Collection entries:
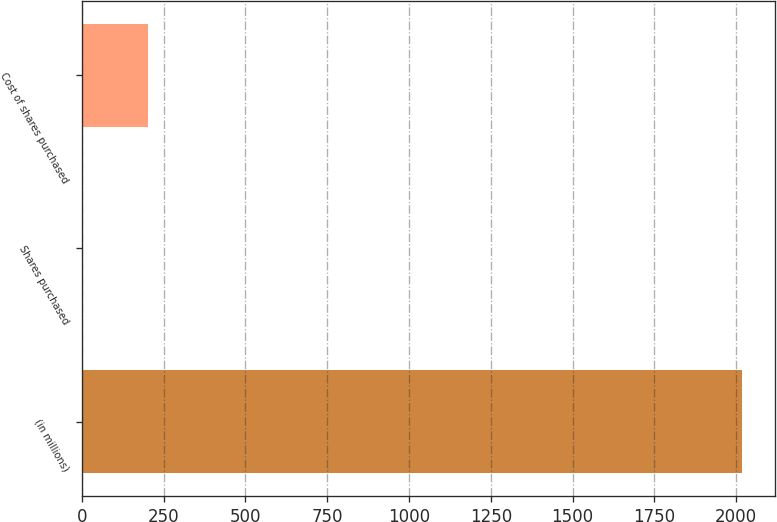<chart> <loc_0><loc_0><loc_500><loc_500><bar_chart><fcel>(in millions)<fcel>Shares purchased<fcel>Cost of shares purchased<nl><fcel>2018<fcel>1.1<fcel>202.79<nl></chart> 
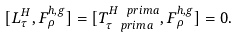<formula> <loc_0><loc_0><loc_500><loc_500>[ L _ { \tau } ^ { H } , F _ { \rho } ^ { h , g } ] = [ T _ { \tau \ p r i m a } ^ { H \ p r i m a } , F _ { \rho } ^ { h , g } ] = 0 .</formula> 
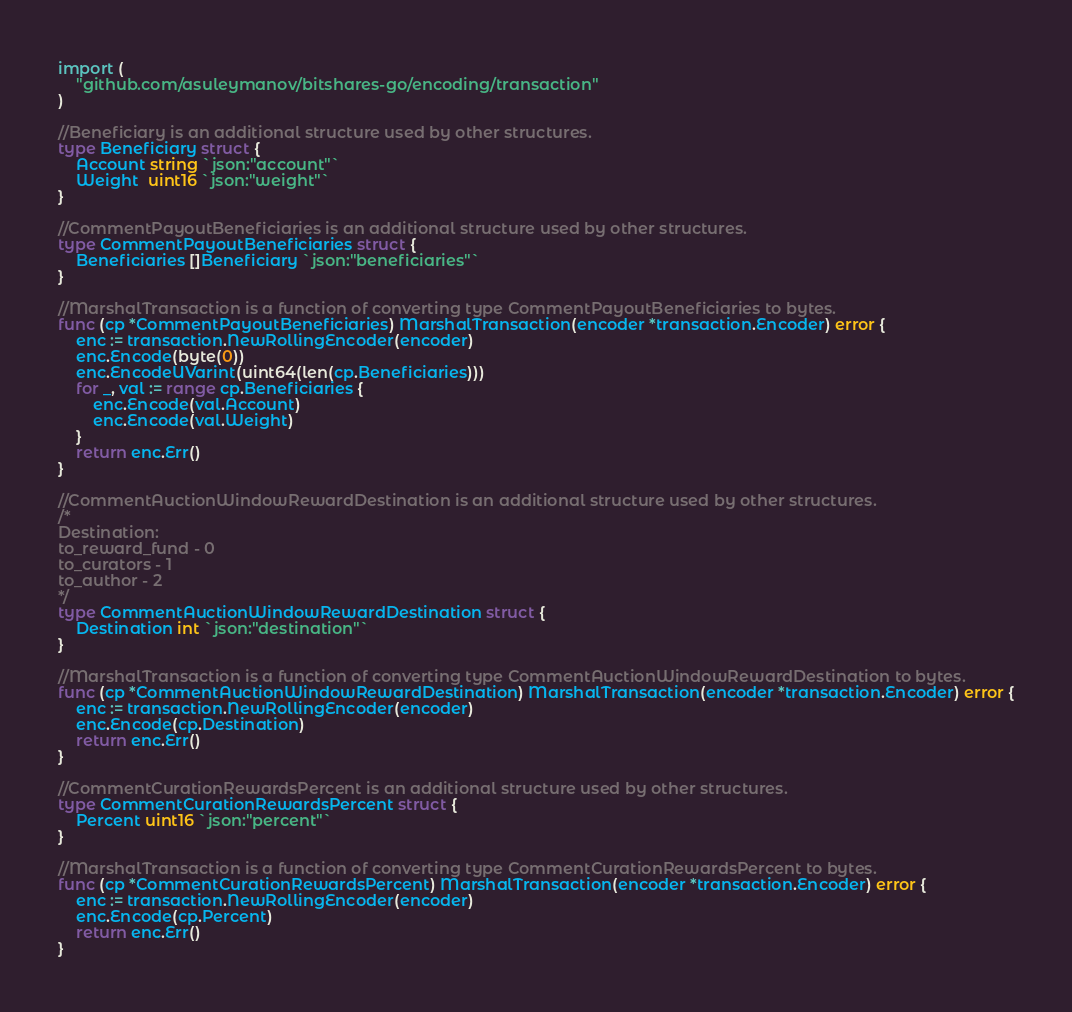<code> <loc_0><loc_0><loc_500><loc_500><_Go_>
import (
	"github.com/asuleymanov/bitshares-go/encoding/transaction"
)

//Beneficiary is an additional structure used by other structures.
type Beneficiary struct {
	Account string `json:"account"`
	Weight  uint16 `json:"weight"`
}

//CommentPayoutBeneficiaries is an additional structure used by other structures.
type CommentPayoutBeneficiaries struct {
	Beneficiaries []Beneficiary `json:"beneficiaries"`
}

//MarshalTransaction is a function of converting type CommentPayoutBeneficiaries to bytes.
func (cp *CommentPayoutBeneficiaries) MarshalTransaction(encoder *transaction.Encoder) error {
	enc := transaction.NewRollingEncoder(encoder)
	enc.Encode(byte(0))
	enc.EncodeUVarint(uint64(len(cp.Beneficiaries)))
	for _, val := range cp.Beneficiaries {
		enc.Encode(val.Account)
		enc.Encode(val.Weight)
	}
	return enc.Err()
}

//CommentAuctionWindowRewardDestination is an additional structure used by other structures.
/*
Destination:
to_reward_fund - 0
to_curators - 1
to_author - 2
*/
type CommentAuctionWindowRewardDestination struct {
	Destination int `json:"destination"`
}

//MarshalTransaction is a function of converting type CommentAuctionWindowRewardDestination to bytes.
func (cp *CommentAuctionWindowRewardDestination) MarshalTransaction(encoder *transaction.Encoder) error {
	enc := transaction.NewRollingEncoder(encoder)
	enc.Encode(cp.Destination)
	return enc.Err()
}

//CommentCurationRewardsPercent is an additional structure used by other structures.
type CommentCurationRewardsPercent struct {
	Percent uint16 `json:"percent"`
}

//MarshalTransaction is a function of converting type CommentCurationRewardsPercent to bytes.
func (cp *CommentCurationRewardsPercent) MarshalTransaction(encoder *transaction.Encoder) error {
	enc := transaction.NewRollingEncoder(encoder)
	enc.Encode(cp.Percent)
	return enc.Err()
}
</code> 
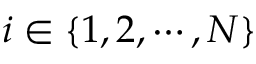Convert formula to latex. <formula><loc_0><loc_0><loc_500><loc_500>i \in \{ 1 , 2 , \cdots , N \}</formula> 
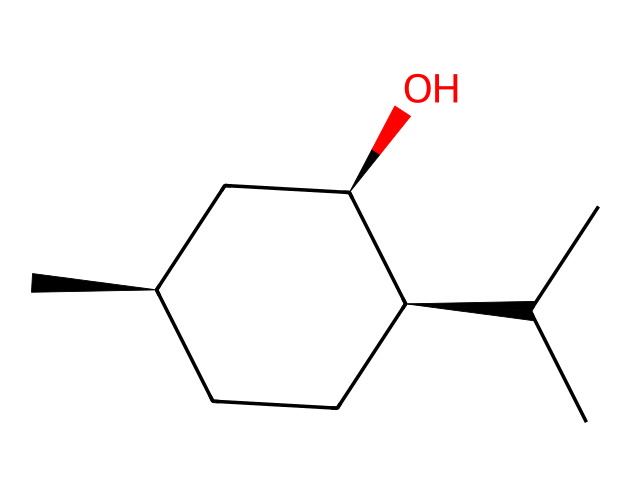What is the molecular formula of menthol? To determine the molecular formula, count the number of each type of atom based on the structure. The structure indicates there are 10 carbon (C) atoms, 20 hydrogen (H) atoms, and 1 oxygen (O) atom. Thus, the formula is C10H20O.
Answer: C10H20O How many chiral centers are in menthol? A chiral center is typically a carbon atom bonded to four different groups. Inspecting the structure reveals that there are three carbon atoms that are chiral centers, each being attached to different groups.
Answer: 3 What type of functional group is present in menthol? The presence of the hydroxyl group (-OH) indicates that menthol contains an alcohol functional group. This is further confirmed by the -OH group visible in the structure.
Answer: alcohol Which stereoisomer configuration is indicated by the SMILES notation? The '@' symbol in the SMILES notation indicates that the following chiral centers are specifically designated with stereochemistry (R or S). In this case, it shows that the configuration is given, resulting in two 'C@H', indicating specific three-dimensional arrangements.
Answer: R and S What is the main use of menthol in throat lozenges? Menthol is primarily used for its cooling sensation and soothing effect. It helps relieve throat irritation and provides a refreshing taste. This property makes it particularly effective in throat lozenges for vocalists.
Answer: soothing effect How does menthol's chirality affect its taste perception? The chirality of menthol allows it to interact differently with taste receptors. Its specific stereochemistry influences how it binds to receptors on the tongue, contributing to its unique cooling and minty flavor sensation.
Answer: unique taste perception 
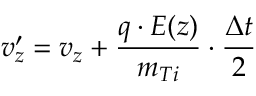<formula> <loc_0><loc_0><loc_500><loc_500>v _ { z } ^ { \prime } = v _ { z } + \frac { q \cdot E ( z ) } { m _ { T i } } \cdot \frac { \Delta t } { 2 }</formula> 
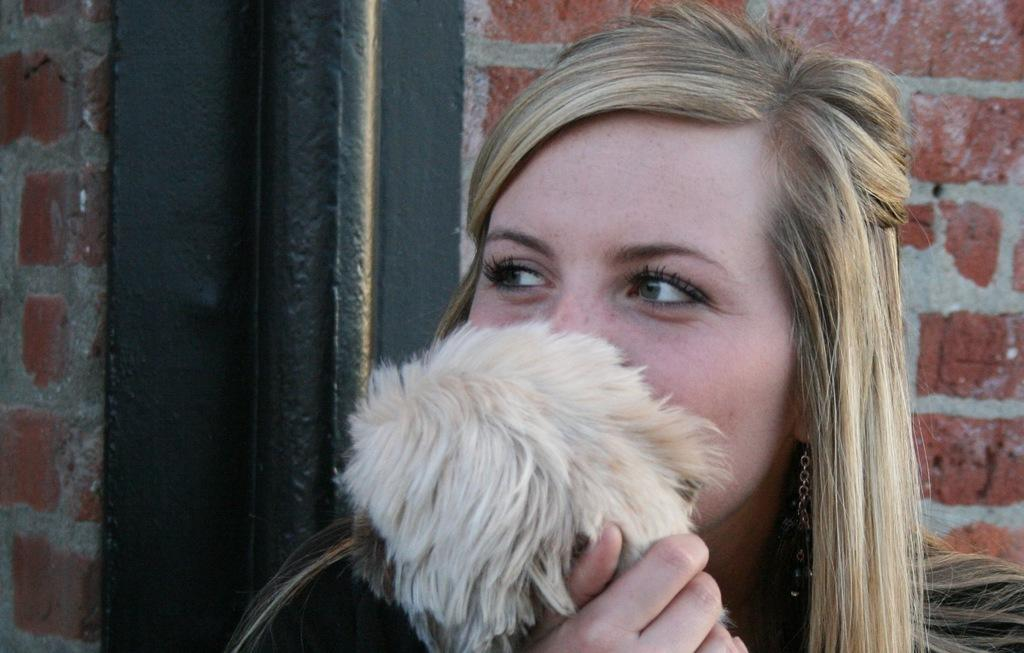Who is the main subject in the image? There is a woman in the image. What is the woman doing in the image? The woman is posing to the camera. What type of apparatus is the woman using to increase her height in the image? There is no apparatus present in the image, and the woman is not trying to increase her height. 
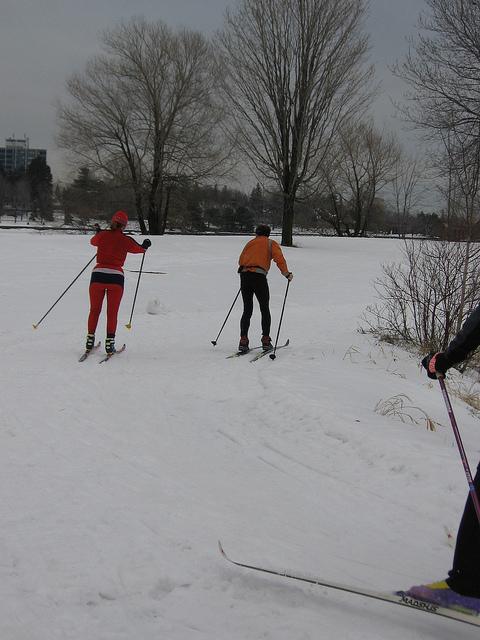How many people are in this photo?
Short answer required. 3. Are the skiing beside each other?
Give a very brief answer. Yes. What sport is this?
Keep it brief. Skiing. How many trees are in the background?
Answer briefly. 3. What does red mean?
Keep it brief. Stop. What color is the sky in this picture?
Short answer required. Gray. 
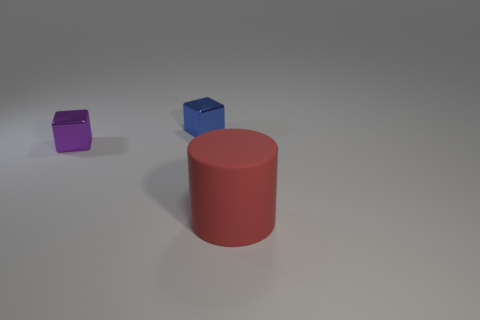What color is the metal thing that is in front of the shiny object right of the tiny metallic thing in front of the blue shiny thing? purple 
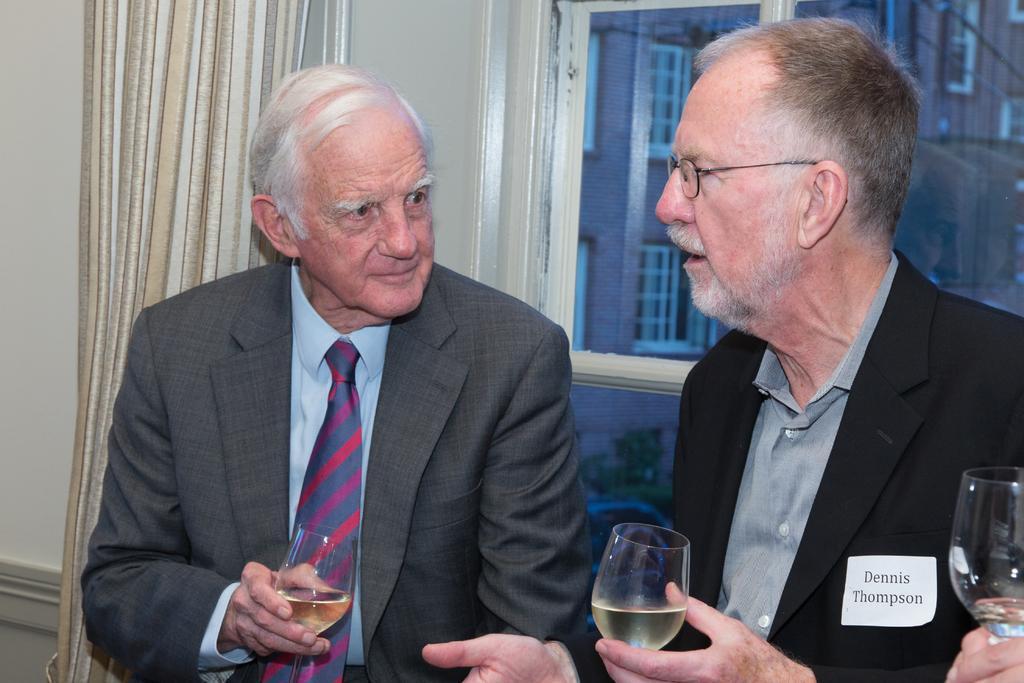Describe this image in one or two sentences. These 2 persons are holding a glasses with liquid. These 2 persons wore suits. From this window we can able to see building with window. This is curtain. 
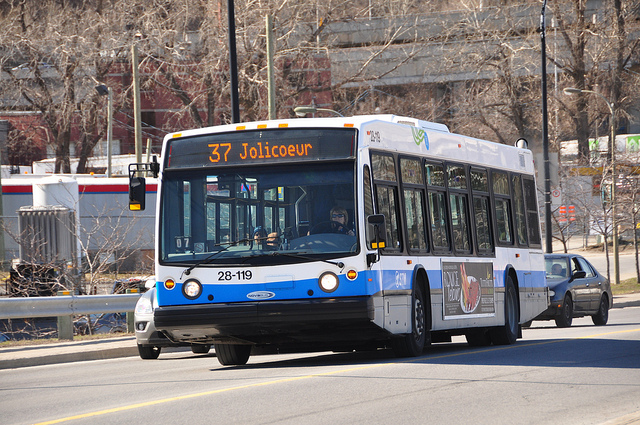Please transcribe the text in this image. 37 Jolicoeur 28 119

INSTRUCTIONS FOR THE TASK: From the entries above, return exactly the line containing "Short answer required. 3.", the line containing "Short answer required. Gray.", and all lines between, and nothing else.

SOLUTION TO THE EXERCISE:
Short answer required. 3. Are the skiing beside each other?
Give a very brief answer. Yes. What sport is this?
Keep it brief. Skiing. How many trees are in the background?
Answer briefly. 3. What does red mean?
Keep it brief. Stop. What color is the sky in this picture?
Short answer required. Gray. 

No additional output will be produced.